:: Information shown
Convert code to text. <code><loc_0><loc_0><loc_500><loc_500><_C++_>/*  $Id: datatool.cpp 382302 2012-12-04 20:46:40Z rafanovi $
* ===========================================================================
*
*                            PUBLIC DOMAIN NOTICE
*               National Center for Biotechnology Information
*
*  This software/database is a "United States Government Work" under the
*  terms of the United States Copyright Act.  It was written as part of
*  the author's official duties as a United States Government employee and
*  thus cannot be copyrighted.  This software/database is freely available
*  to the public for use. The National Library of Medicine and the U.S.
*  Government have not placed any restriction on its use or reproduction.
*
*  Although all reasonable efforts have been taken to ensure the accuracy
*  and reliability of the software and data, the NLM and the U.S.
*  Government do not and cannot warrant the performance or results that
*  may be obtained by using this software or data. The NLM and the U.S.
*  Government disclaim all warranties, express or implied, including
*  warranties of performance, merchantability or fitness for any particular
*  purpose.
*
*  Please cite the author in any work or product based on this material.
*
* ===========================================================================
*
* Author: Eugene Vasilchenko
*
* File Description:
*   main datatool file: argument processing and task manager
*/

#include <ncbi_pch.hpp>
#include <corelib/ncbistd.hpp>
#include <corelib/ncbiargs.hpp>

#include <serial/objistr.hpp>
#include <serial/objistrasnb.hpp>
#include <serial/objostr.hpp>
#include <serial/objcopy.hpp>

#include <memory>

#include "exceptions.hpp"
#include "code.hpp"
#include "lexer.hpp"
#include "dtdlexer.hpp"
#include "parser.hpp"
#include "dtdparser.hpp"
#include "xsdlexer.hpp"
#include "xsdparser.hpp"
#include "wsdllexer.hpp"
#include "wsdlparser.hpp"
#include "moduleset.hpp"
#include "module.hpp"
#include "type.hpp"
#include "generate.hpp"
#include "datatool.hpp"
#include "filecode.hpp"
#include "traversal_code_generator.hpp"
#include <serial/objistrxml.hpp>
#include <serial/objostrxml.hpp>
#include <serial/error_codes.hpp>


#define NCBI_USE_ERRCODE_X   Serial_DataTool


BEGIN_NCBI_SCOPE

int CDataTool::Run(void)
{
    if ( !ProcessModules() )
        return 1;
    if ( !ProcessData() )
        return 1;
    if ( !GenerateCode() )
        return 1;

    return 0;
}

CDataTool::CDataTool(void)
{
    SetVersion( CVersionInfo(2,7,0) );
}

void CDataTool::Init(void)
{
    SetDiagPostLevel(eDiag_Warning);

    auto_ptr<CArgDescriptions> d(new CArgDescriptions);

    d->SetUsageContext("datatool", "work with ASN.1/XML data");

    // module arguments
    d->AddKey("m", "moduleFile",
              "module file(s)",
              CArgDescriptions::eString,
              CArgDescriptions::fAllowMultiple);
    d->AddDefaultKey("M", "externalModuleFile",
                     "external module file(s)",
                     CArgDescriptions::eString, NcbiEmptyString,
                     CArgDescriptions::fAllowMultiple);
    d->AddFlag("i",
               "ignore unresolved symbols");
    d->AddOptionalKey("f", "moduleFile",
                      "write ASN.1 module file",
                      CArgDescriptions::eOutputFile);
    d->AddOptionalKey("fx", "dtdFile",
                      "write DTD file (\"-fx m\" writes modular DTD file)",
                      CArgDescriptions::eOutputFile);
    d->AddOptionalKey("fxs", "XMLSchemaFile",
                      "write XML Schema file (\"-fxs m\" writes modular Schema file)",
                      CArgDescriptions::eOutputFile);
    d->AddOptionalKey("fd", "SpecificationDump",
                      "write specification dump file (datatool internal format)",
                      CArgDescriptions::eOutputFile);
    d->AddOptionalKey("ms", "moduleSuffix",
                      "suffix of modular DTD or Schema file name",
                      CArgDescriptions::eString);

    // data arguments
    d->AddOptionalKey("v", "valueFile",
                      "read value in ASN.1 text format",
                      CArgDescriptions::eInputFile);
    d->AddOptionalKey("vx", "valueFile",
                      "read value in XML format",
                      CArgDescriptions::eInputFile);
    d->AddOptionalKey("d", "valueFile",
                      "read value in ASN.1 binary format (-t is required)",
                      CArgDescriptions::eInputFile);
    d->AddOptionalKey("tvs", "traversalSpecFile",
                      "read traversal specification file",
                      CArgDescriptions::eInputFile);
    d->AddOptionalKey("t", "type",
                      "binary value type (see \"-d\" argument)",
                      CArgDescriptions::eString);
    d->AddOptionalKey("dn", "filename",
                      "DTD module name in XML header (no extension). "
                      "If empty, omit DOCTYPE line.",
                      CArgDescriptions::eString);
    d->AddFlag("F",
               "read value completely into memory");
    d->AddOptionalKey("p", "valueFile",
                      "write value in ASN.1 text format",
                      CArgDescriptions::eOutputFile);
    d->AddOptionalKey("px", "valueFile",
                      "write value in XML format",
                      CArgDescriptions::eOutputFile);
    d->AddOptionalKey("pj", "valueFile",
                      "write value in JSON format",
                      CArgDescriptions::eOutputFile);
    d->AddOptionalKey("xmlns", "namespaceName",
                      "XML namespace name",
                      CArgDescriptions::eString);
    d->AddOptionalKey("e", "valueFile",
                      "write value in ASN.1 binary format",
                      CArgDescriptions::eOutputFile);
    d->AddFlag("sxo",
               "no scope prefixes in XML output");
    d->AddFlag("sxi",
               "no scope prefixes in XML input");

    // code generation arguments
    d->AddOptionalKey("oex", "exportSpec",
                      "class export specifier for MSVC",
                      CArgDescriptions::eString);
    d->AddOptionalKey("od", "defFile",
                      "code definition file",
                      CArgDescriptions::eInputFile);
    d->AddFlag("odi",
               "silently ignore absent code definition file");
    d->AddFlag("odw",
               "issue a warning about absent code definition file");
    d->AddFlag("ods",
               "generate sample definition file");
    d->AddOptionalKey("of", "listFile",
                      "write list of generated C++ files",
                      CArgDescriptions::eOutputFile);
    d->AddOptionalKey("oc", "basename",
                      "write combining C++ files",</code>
::::
For this exercise, output exactly the lines above from the line with "data, the NLM and the U.S." to the line with "#include <ncbi_pch.hpp>", counting both, and leave out the rest.

*  and reliability of the software and data, the NLM and the U.S.
*  Government do not and cannot warrant the performance or results that
*  may be obtained by using this software or data. The NLM and the U.S.
*  Government disclaim all warranties, express or implied, including
*  warranties of performance, merchantability or fitness for any particular
*  purpose.
*
*  Please cite the author in any work or product based on this material.
*
* ===========================================================================
*
* Author: Eugene Vasilchenko
*
* File Description:
*   main datatool file: argument processing and task manager
*/

#include <ncbi_pch.hpp>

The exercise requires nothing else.